**DATA FOR THIS TASK:**
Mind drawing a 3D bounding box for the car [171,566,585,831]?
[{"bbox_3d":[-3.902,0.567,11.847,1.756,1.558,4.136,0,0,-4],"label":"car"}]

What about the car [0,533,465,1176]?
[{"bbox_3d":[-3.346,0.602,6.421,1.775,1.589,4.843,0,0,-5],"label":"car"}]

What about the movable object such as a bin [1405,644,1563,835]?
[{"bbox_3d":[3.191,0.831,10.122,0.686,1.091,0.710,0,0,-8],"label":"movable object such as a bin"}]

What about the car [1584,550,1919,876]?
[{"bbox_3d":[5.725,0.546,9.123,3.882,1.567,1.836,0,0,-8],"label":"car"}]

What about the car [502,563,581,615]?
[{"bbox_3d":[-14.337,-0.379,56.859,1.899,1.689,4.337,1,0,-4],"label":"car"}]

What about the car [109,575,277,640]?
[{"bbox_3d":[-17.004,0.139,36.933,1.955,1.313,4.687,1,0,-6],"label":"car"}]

---

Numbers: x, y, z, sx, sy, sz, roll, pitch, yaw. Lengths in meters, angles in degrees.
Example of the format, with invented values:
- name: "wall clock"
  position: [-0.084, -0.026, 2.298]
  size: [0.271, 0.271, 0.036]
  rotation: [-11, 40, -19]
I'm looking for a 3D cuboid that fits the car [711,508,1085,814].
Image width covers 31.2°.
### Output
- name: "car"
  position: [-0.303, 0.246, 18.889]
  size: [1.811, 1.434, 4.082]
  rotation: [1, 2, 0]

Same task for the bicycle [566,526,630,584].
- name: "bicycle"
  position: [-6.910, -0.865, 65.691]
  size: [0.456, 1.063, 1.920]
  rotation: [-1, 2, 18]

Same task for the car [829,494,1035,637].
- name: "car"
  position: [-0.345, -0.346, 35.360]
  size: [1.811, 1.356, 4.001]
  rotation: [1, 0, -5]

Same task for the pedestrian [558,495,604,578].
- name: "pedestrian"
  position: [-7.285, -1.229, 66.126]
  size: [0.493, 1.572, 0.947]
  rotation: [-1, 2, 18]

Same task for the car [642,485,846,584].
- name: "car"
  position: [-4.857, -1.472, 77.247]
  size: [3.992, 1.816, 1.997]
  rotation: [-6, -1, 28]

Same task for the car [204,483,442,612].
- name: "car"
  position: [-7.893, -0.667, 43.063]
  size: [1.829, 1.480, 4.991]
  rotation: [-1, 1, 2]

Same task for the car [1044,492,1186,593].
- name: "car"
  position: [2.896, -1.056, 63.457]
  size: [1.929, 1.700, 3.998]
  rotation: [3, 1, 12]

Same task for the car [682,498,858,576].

**DIRECTIONS:** Repeat word for word the lines above that run from the line containing "Same task for the pedestrian" through the line containing "Same task for the car [682,498,858,576].", both ends included, and nothing else.

**EXERCISE RESULT:**
Same task for the pedestrian [558,495,604,578].
- name: "pedestrian"
  position: [-7.285, -1.229, 66.126]
  size: [0.493, 1.572, 0.947]
  rotation: [-1, 2, 18]

Same task for the car [642,485,846,584].
- name: "car"
  position: [-4.857, -1.472, 77.247]
  size: [3.992, 1.816, 1.997]
  rotation: [-6, -1, 28]

Same task for the car [204,483,442,612].
- name: "car"
  position: [-7.893, -0.667, 43.063]
  size: [1.829, 1.480, 4.991]
  rotation: [-1, 1, 2]

Same task for the car [1044,492,1186,593].
- name: "car"
  position: [2.896, -1.056, 63.457]
  size: [1.929, 1.700, 3.998]
  rotation: [3, 1, 12]

Same task for the car [682,498,858,576].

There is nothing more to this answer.